Given Iran’s visceral hostility to Israel’s very existence, Israel is extremely suspicious of Iran’s public relations blitz, dismissing it as a calculated bid to buy time and fob off the United States.

Israel’s reading of the situation is that Tehran is willing to make cosmetic concessions if sanctions are eased or lifted and Iran can preserve its ability to build nuclear arms at a time of its choosing.

Benjamin Netanyahu
Benjamin Netanyahu

In a speech to the United Nations on Oct. 1, Israeli Prime Minister Benjamin Netanyahu demanded that Iran cease all enrichment of uranium, agree to its removal to a third country, dismantle an underground nuclear facility near Qom, remove the  newest generation of centrifuges in Natanz, and stop construction of a heavy-water reactor at Arak.

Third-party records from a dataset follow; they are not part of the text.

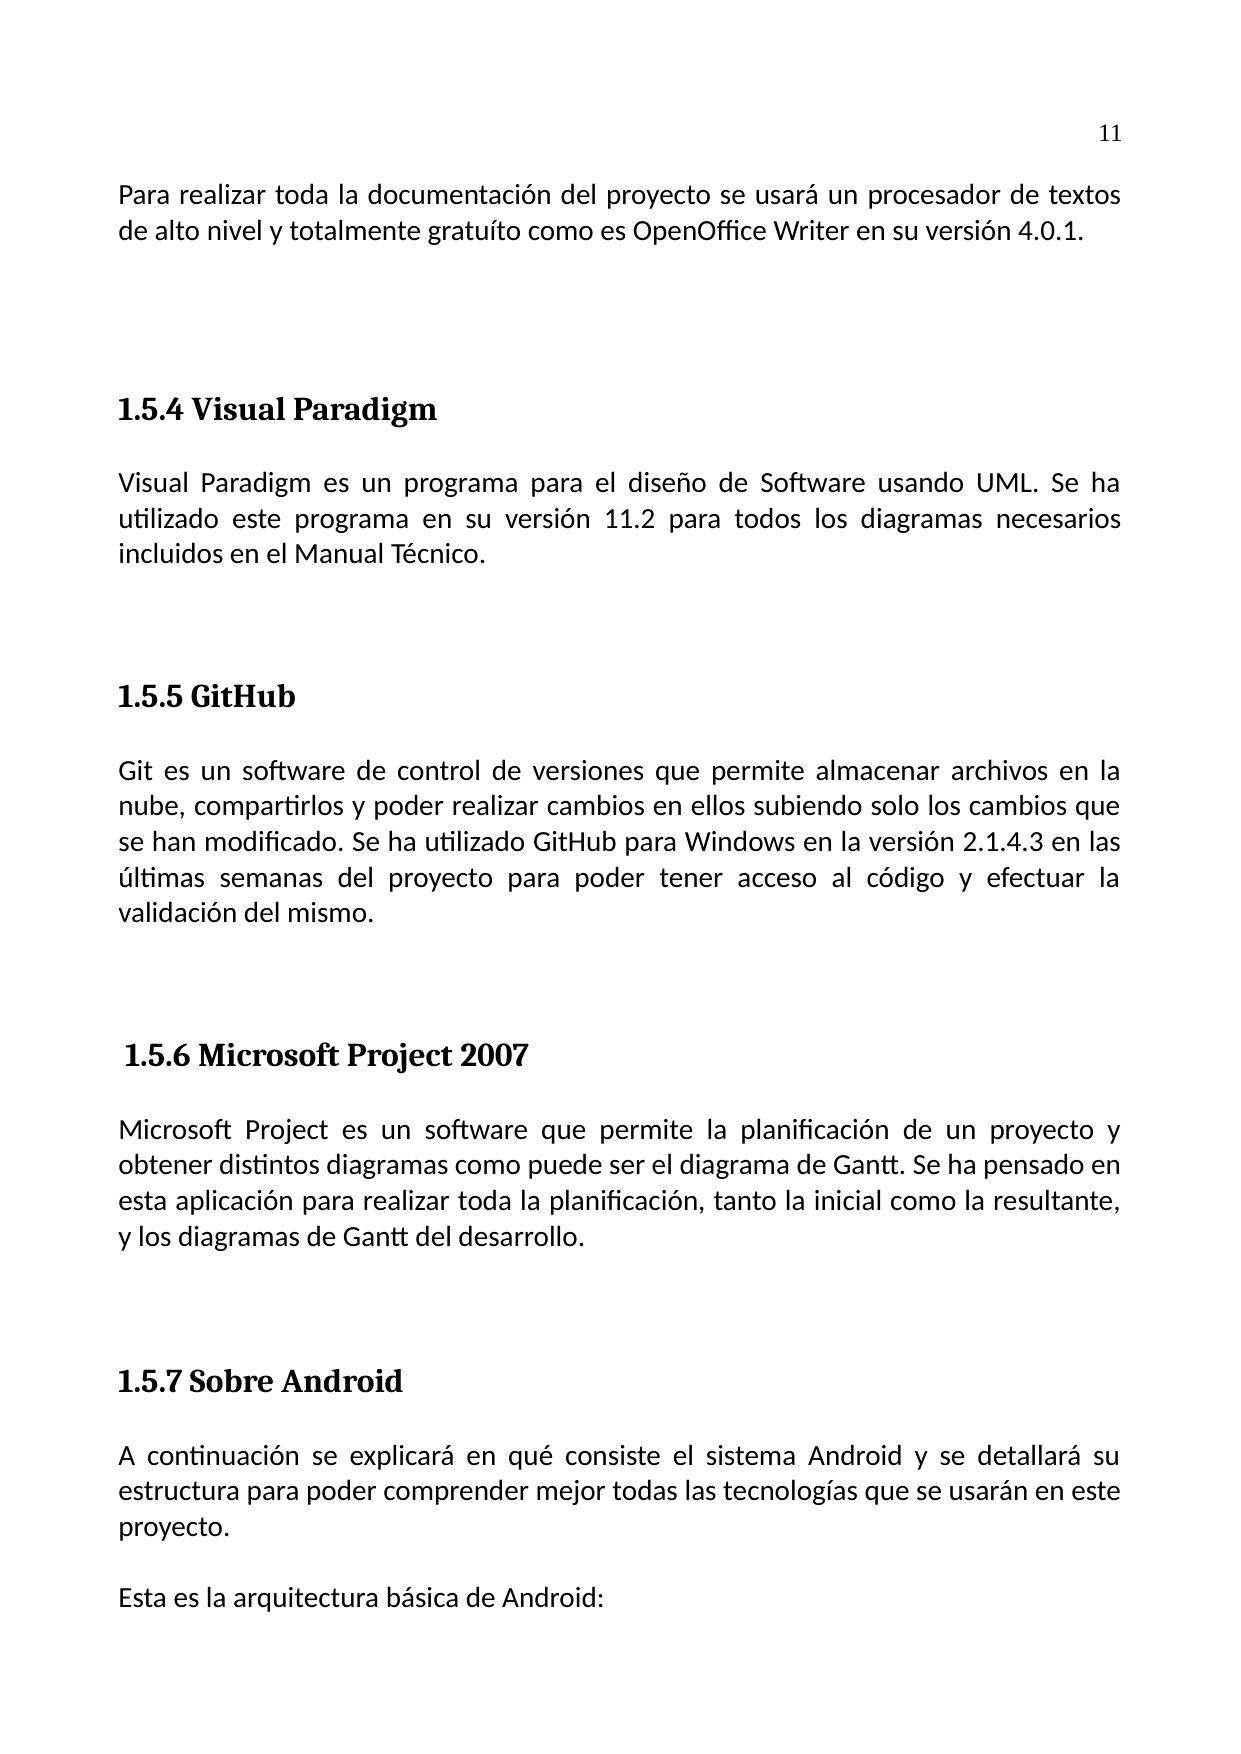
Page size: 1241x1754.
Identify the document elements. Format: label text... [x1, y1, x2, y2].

text Microsoft Project es un software que permite la planificación de un proyecto y obtener distintos diagramas como puede ser el diagrama de Gantt. Se ha pensado en esta aplicación para realizar toda la planificación, tanto la inicial como la resultante, y los diagramas de Gantt del desarrollo. [118, 1111, 1122, 1253]
text Para realizar toda la documentación del proyecto se usará un procesador de textos de alto nivel y totalmente gratuíto como es OpenOffice Writer en su versión 4.0.1. [118, 176, 1122, 248]
text 1.5.5 GitHub [118, 678, 1122, 716]
text Esta es la arquitectura básica de Android: [118, 1579, 1122, 1615]
text Git es un software de control de versiones que permite almacenar archivos en la nube, compartirlos y poder realizar cambios en ellos subiendo solo los cambios que se han modificado. Se ha utilizado GitHub para Windows en la versión 2.1.4.3 en las últimas semanas del proyecto para poder tener acceso al código y efectuar la validación del mismo. [118, 752, 1122, 930]
text A continuación se explicará en qué consiste el sistema Android y se detallará su estructura para poder comprender mejor todas las tecnologías que se usarán en este proyecto. [118, 1437, 1122, 1544]
text Visual Paradigm es un programa para el diseño de Software usando UML. Se ha utilizado este programa en su versión 11.2 para todos los diagramas necesarios incluidos en el Manual Técnico. [118, 464, 1122, 571]
text 1.5.6 Microsoft Project 2007 [118, 1037, 1122, 1075]
text 1.5.4 Visual Paradigm [118, 390, 1122, 428]
text 1.5.7 Sobre Android [118, 1363, 1122, 1401]

Warning that Israel will never tolerate nuclear weapons in the hands of  “a rogue regime that threatens to wipe us off the map,” he bluntly declared,”Israel will not allow Iran to get nuclear weapons.”

If necessary, he suggested, Israel will act alone to achieve this objective.

Only “tough sanctions and credible military threats,” he cautioned, will force Iran to negotiate in good faith.

Yet again, Netanyahu likened Iran’s current diplomatic initiative to one North Korea launched in 2005. Having promised to scrap its nuclear weapons, North Korea reneged by testing an atomic bomb just a year later.

Obama, in a White House meeting with Netanyahu on Sept. 30, said that Iran’s “conciliatory words have to be matched by real actions,” and that all options, including a preemptive U.S. military strike on Iranian nuclear sites, remain on the table.

Joe Biden
Joe Biden

For now, the United States, mired in a long war in Afghanistan, is focusing on diplomacy to deter Iran. As Vice President Joe Biden said two days ago, “We don’t know whether Iran is willing to do what is necessary, but we … want to find out.”

When all the variables are taken into account, this much seems certain.

If diplomacy fails, the prospect of a war will loom dangerously on the horizon.